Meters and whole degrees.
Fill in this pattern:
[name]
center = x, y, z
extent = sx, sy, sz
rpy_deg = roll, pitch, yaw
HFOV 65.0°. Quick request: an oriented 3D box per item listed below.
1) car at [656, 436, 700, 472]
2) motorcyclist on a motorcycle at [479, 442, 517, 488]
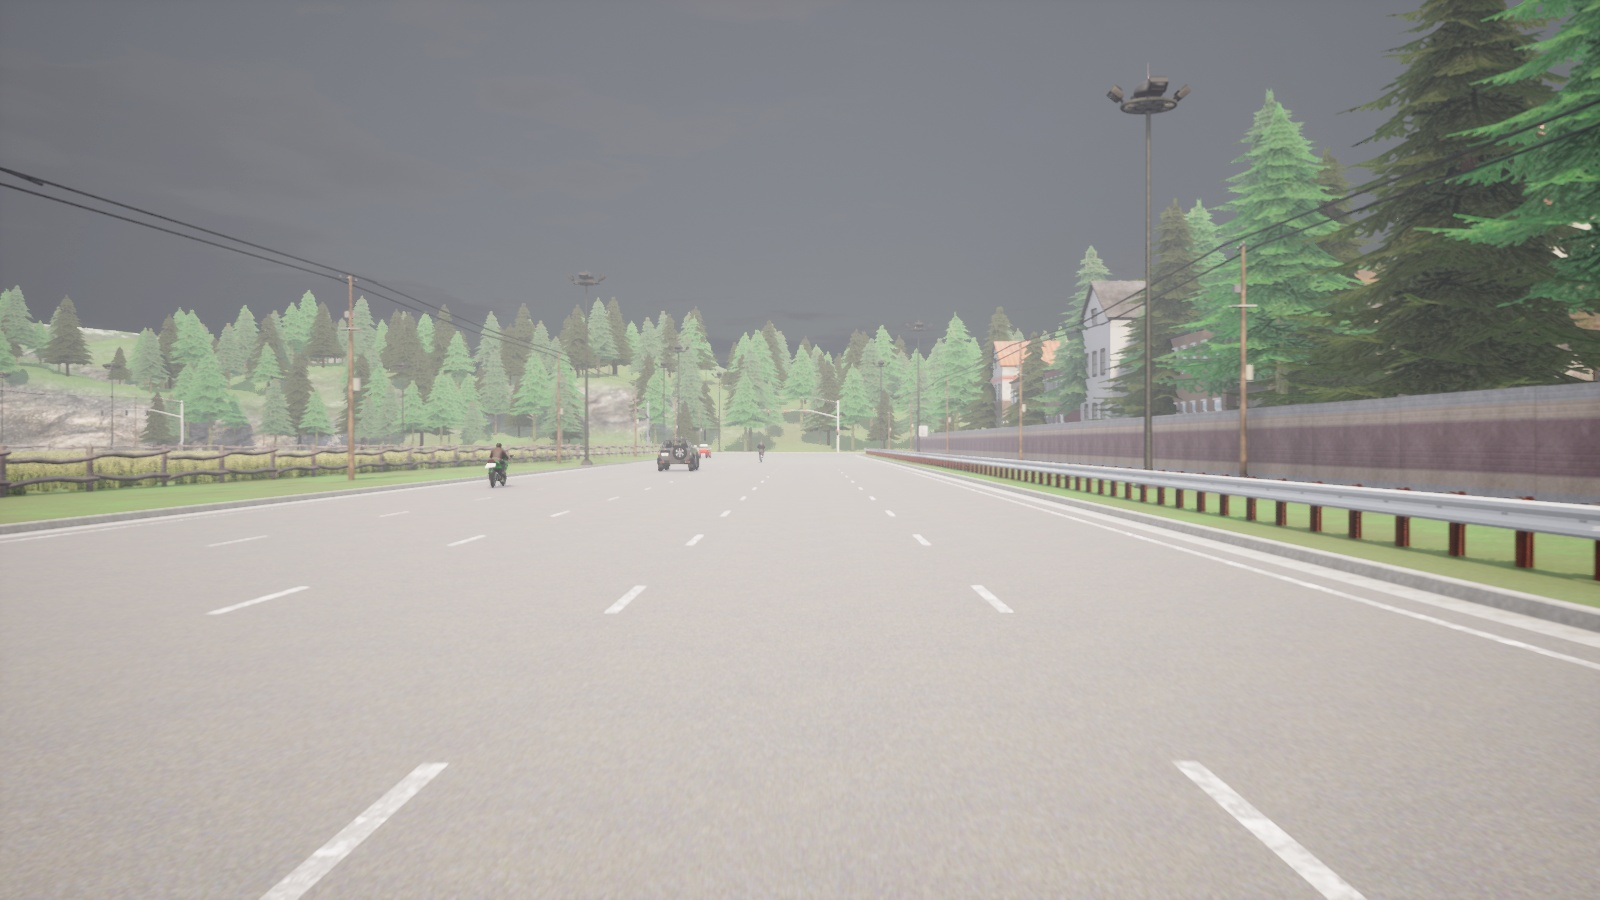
[car]
center = -6.595, 0.196, 68.448
extent = 1.932, 1.855, 4.605
rpy_deg = 0, 0, 0
[motorcyclist on a motorcycle]
center = -10.242, 0.495, 42.624
extent = 0.797, 1.523, 2.044
rpy_deg = 0, 0, 0

Problem statement: Every line from the one containing "center = x, y, z" through the end of the records is to be returned exactly, and those lines alone; pictures are dropped.

Solution to this task:
center = x, y, z
extent = sx, sy, sz
rpy_deg = roll, pitch, yaw
HFOV 65.0°. Quick request: an oriented 3D box per item listed below.
1) car at [656, 436, 700, 472]
2) motorcyclist on a motorcycle at [479, 442, 517, 488]
[car]
center = -6.595, 0.196, 68.448
extent = 1.932, 1.855, 4.605
rpy_deg = 0, 0, 0
[motorcyclist on a motorcycle]
center = -10.242, 0.495, 42.624
extent = 0.797, 1.523, 2.044
rpy_deg = 0, 0, 0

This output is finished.